The air in town is heavy with the scent of lime blossom but along the country roads I can smell rocket growing in the fields, which made me think of this recipe for tagliatelle with rocket and speck. Aldo tells me that speck is completely different from bacon, I used to think they were the same thing, so I can only hope that you can find something called speck wherever you are! Quantities for four people:
- 250gr speck cut into tiny tiny squares
- 200gr fresh rucola(rocket) washed and dried (very important this) then finely chopped
- half a fresh onion cut into fine slices
- 3Tbs olive oil
- half a glass of white wine
Soften the onion in the wine and oil, then add the speck. Put the tagliatelle on to cook, stirring the speck and onion occasionally, then drain the tagliatelle and retain a spoonful of the cooking water, add the speck and onion mix together with the rocket. Serve with shavings of parmesan.
no comments | tags: home produced food in Italy, pasta recipe
May
31
2009
My mother made this for us when we were children and my children often ask for it. Some people like it so hot that it melts the ice cream instantly, others like it eaten out of the fridge in cold rich spoonfuls ladled over their ice cream.
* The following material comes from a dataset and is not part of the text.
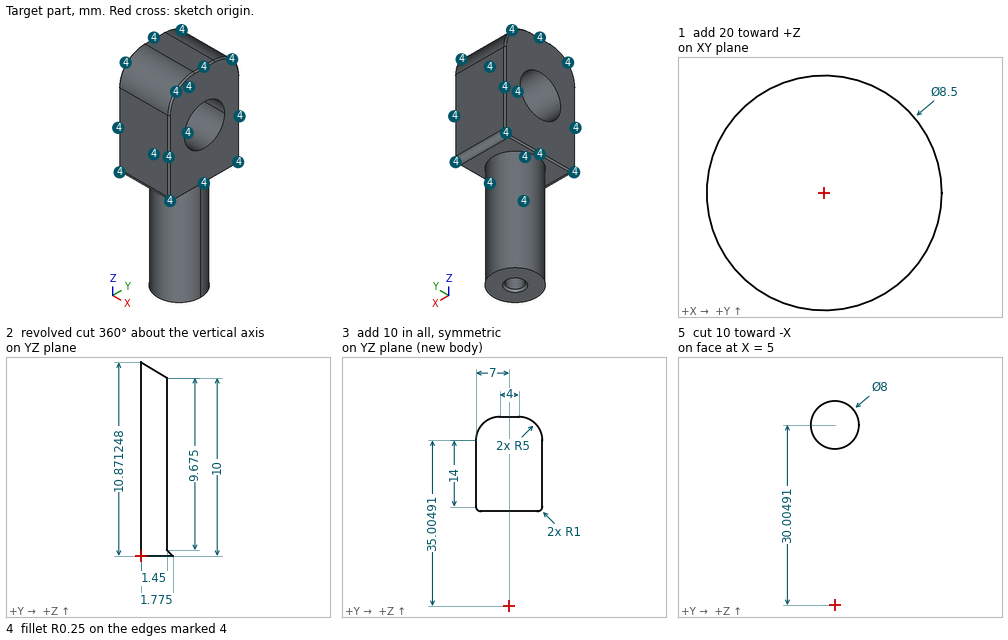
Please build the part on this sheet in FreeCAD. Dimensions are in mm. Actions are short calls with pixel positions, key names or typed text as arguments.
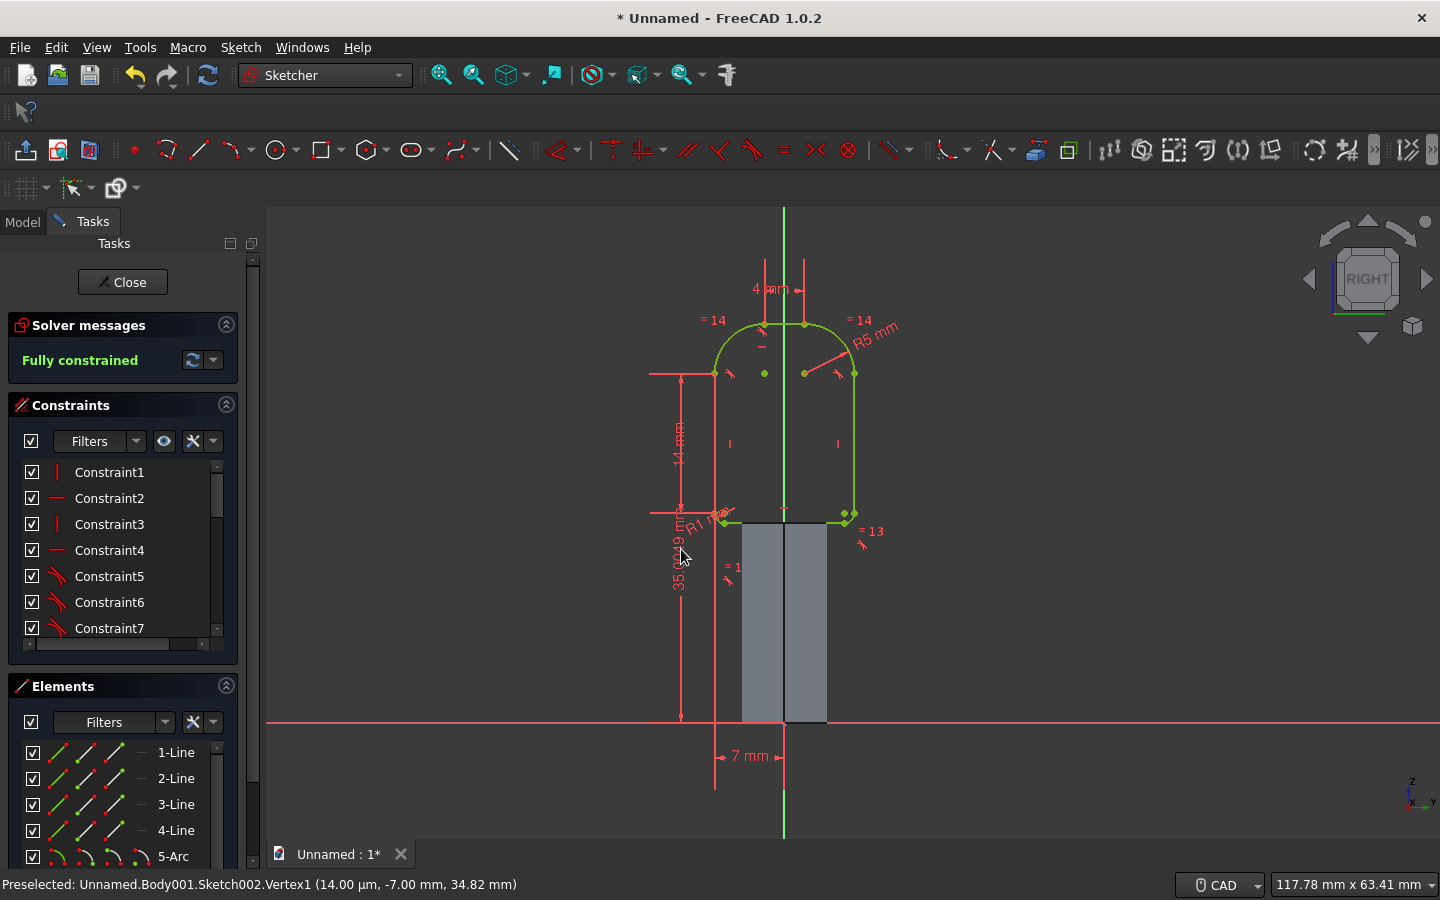
click(123, 282)

I advise teaching the children to make it themselves once they are old enough to be trusted around boiling water, and then sending them off to do it after the first course has been eaten - it takes about two minutes to assemble the ingredients and two to cook it and it keeps them busy whilst the table is being prepared for the pudding course.
- half a cup of cocoa
- three quarters cup of sugar
- three quarters cup of boiling water
Blend and bring back to the boil, stir whilst boiling for one minute. Add a teaspoon of vanilla essence. Serve hot or cold.